Había una vez un padre que tenía
una hija muy hermosa, pero muy ambiciosa y terca. Se presentaron como
pretendientes tres mozos cual a cual más apuesto que le pidieron casarse con su
hija. Él contestó que los tres le parecían bien y tenían su consentimiento,
pero tenían que preguntar a la hija cual
de los tres prefería.
Así lo hicieron y la hija contestó que a los
tres. “Eso no puede ser”, dijo el padre, pero la hija siguió diciendo que a los
tres y no hubo manera de convencerla.
El pobre padre, muy disgustado, les propuso
que se fueran a buscar fortuna por el mundo “alante” para traerla una cosa que
fuera única en su especie y que aquel que
trajese la mejor y más rara sería el que se casase con su hija.
Pusiéronse en camino cada cual por su lado y
al cabo de mucho tiempo se volvieron a reunir en lejanas tierras, sin que
ninguno hubiese encontrado cosa hermosa en su especie.
Estando en estas tribulaciones, el primero que
había llegado se encontró con un viejito que le dijo si quería comprarle un
pequeño espejo. Le contestó que para qué quería un espejo tan feo. Entonces el
vendedor le dijo que aquel espejo tenía una gran virtud, que era el poder ver
en él las personas que el quisiera ver. Comprobado que era cierto, se lo compró
por lo que le pidió.
El que había llegado en segundo lugar, al
pasar por una calle, se encontró con el mismo viejito que le ofreció venderle
un bote de bálsamo.¿Para qué me ha de servir ese bálsamo? preguntó al
viejecito. Dios sabe, respondió, que este bálsamo tiene la gran virtud de hacer
resucitar a los muertos.
En aquel momento acertó a pasar por allí un
entierro; se fue a la caja, le echó una gota de bálsamo en la boca al difunto,
que se levantó tan bueno que cargó con su ataud y se fue para casa. Visto esto
por el segundo pretendiente compró el bálsamo milagroso por lo que el viejecito
le pidió.
Mientras el tercer pretendiente paseaba,
pensando en sus problemas, por la orilla del mar vio llegar, sobre las olas, un
arca muy grande que cuando llegó a la playa se abrió y salieron de ella muchos
pasajeros.
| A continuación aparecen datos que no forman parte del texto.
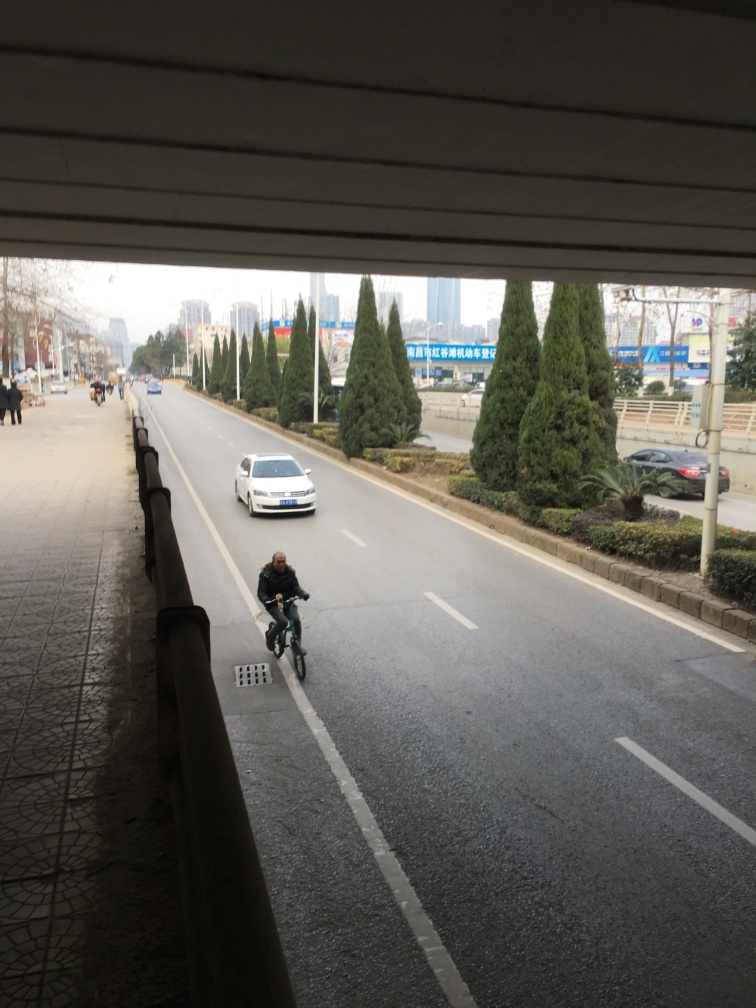What time of day does this photo look like it was taken? Based on the lighting and the length of the shadows, it seems like it could be late morning or early afternoon. 
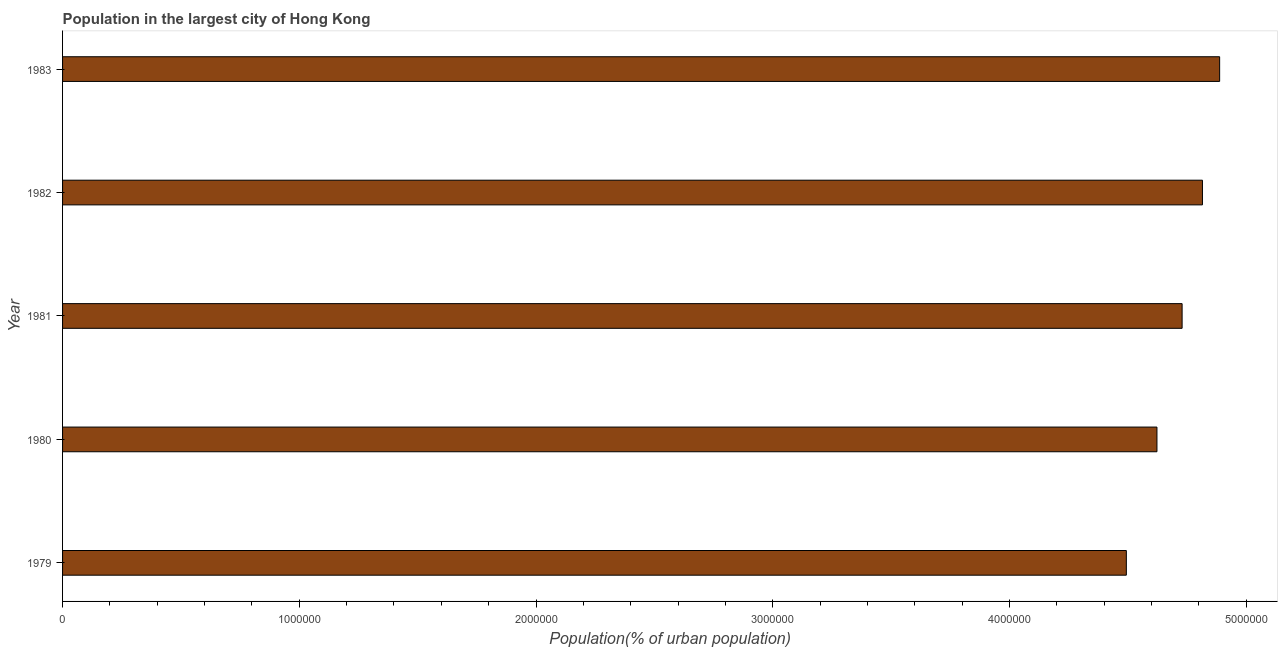Does the graph contain any zero values?
Provide a short and direct response. No. What is the title of the graph?
Make the answer very short. Population in the largest city of Hong Kong. What is the label or title of the X-axis?
Your answer should be compact. Population(% of urban population). What is the population in largest city in 1980?
Provide a succinct answer. 4.62e+06. Across all years, what is the maximum population in largest city?
Make the answer very short. 4.89e+06. Across all years, what is the minimum population in largest city?
Your response must be concise. 4.49e+06. In which year was the population in largest city minimum?
Give a very brief answer. 1979. What is the sum of the population in largest city?
Your answer should be compact. 2.35e+07. What is the difference between the population in largest city in 1980 and 1982?
Your response must be concise. -1.92e+05. What is the average population in largest city per year?
Your answer should be very brief. 4.71e+06. What is the median population in largest city?
Keep it short and to the point. 4.73e+06. In how many years, is the population in largest city greater than 800000 %?
Provide a succinct answer. 5. Do a majority of the years between 1980 and 1979 (inclusive) have population in largest city greater than 4200000 %?
Give a very brief answer. No. What is the ratio of the population in largest city in 1980 to that in 1983?
Your answer should be very brief. 0.95. Is the population in largest city in 1979 less than that in 1980?
Keep it short and to the point. Yes. What is the difference between the highest and the second highest population in largest city?
Your answer should be compact. 7.26e+04. What is the difference between the highest and the lowest population in largest city?
Offer a very short reply. 3.94e+05. In how many years, is the population in largest city greater than the average population in largest city taken over all years?
Your answer should be very brief. 3. How many bars are there?
Provide a short and direct response. 5. How many years are there in the graph?
Your answer should be very brief. 5. What is the difference between two consecutive major ticks on the X-axis?
Keep it short and to the point. 1.00e+06. What is the Population(% of urban population) of 1979?
Offer a very short reply. 4.49e+06. What is the Population(% of urban population) of 1980?
Your answer should be very brief. 4.62e+06. What is the Population(% of urban population) in 1981?
Provide a short and direct response. 4.73e+06. What is the Population(% of urban population) of 1982?
Ensure brevity in your answer.  4.82e+06. What is the Population(% of urban population) of 1983?
Your answer should be very brief. 4.89e+06. What is the difference between the Population(% of urban population) in 1979 and 1980?
Give a very brief answer. -1.29e+05. What is the difference between the Population(% of urban population) in 1979 and 1981?
Offer a terse response. -2.36e+05. What is the difference between the Population(% of urban population) in 1979 and 1982?
Provide a succinct answer. -3.21e+05. What is the difference between the Population(% of urban population) in 1979 and 1983?
Offer a very short reply. -3.94e+05. What is the difference between the Population(% of urban population) in 1980 and 1981?
Provide a short and direct response. -1.06e+05. What is the difference between the Population(% of urban population) in 1980 and 1982?
Offer a terse response. -1.92e+05. What is the difference between the Population(% of urban population) in 1980 and 1983?
Provide a succinct answer. -2.65e+05. What is the difference between the Population(% of urban population) in 1981 and 1982?
Offer a terse response. -8.59e+04. What is the difference between the Population(% of urban population) in 1981 and 1983?
Keep it short and to the point. -1.59e+05. What is the difference between the Population(% of urban population) in 1982 and 1983?
Make the answer very short. -7.26e+04. What is the ratio of the Population(% of urban population) in 1979 to that in 1980?
Your response must be concise. 0.97. What is the ratio of the Population(% of urban population) in 1979 to that in 1981?
Keep it short and to the point. 0.95. What is the ratio of the Population(% of urban population) in 1979 to that in 1982?
Make the answer very short. 0.93. What is the ratio of the Population(% of urban population) in 1979 to that in 1983?
Ensure brevity in your answer.  0.92. What is the ratio of the Population(% of urban population) in 1980 to that in 1981?
Your response must be concise. 0.98. What is the ratio of the Population(% of urban population) in 1980 to that in 1983?
Provide a short and direct response. 0.95. What is the ratio of the Population(% of urban population) in 1981 to that in 1983?
Keep it short and to the point. 0.97. 
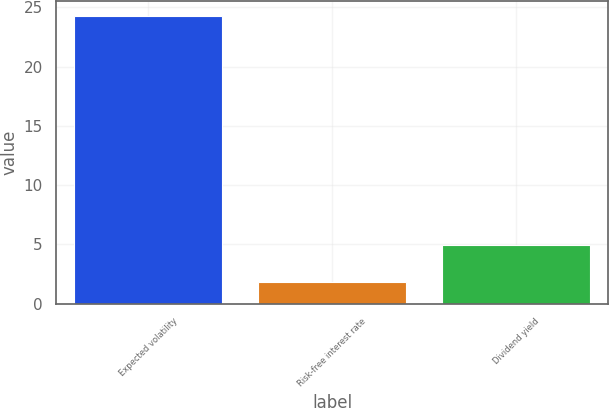Convert chart to OTSL. <chart><loc_0><loc_0><loc_500><loc_500><bar_chart><fcel>Expected volatility<fcel>Risk-free interest rate<fcel>Dividend yield<nl><fcel>24.3<fcel>1.8<fcel>4.9<nl></chart>

El último en salir fue el viejecito que le ofreció si quería
comprarle aquella arca.
¿ Para qué la quiero yo respondió, si no me
sirve más que para hacer una hoguera?
No señor, respondió el vendedor, pues posee
una gran virtud, que es llevar a su dueño a donde le apetezca junto a sus
pasajeros. Puede cerciorarse de ello con los compañeros que he traído desde las
playas de España. Confirmado esto compró el arca por lo que le pidió. Al día
siguiente se reunieron los tres y cada cual contó lo satisfecho que estaba de
la compra realizada.
El primero presentó el espejo en
donde vieron a la novia que los tres pretendían. Pero ¡cual no sería su asombro
cuando la vieron muerta y tendida en un ataúd! Yo tengo, exclamó el que había
comprado el bálsamo, la solución, pero cuando lleguemos ya estará enterrada.
Pues yo tengo un arca dijo el tercero que en pocas horas nos pondrá en España.
Corrieron a ella y en un momento estuvieron en el pueblo del padre de su
prometida. Hallaron a este en el mayor desconsuelo, y le pidieron que les
llevara a verla.
Cuando estuvieron donde estaba el
cadáver, el que llevaba el bálsamo echó unas gotas en los labios de la difunta,
que se levantó tan buena y risueña y volviéndose a su padre le dijo:
¿ Lo ve usted padre, como necesitaba la
colaboración de los tres para ser feliz?